Ich versuchte also, schnell und in großem Bogen weiterzugehen. Meine Tochter hat das am Anfang noch ignoriert, aber als sie ins Frage-Alter kam, stellte sie auch zu den Obdachlosen Fragen. Einmal saß eine Frau im Schlafsack und in mehrere Jacken gehüllt am Sonntag Vormittag vor der Bibliothek. Wir wollten unsere Bücher zurückgeben, die man auch Sonntags von Außen durch einen Schlitz werfen kann. Die Obdachlose versperrte uns den Weg und ich musste sie ansprechen. Sie rückte mürrisch zur Seite. Zurück im Auto sprudelte es aus Helene nur so heraus: "Why hat diese Frau kein Haus? Why gibt es zu wenige Häuser? Why hat die kein Geld? Why hat sie keinen Papa?" (Mit letzterem meinte sie den Ehemann, der Geld verdient.) 

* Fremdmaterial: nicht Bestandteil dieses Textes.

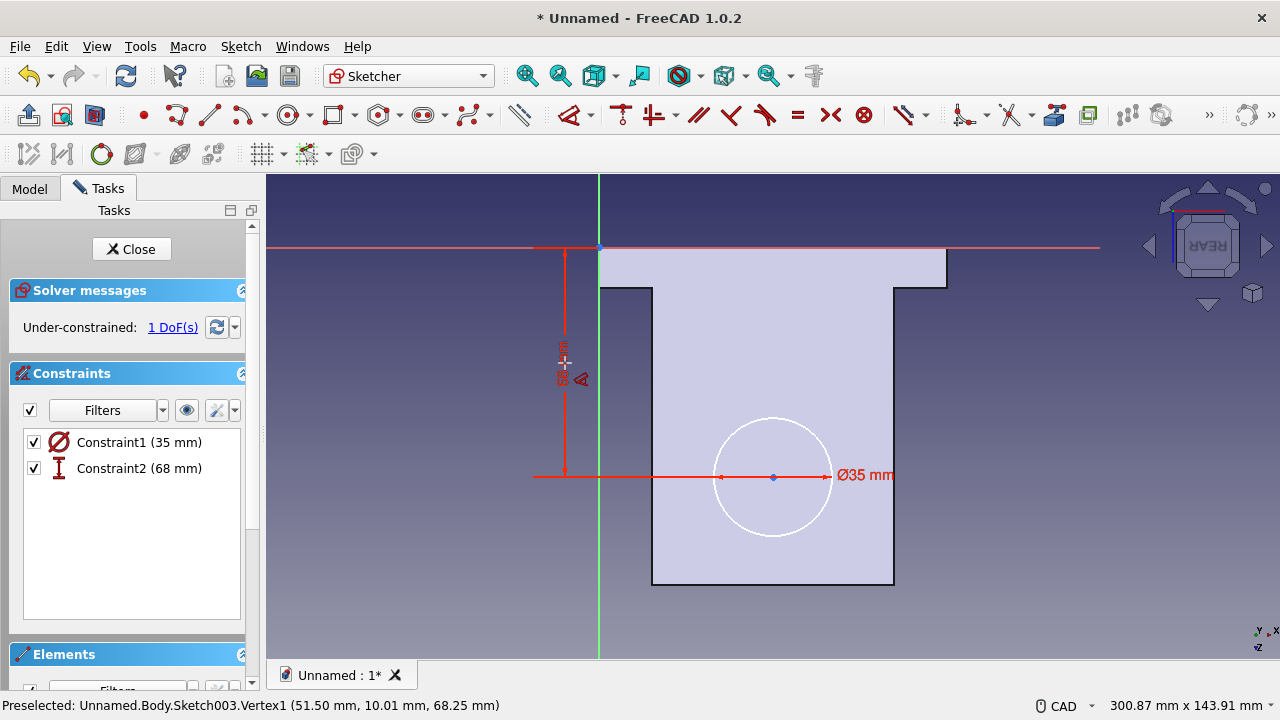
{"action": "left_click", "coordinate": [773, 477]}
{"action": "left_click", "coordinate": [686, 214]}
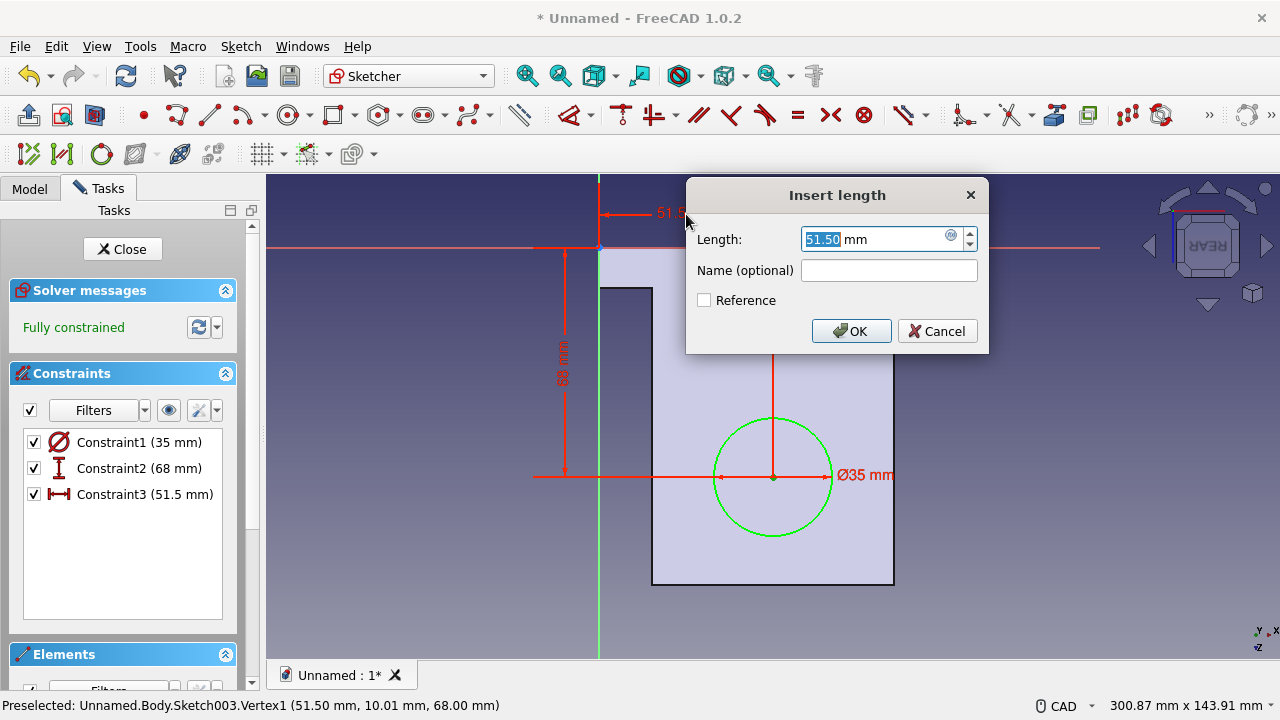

Unsere Tochter hatte auch gleich einen Lösungsvorschlag für die Berkleyer Wohnungsfrage (denn ich hatte ihr erklärt, dass es nicht genug Häuser gäbe und wenn wären sie sehr teuer): "Aber in Leipzig gibt es ganz viele Häuser!" Ja, eigentlich hatte sie recht. In Leipzig herrscht trotz des Hypes um die Stadt immer noch Wohnungsleerstand. Warum nicht ein paar Obdachlose aus den USA einfliegen? Amerikanern gegenüber wäre mancher Leipziger vielleicht offener als gegenüber Kosovaren oder Syrern?!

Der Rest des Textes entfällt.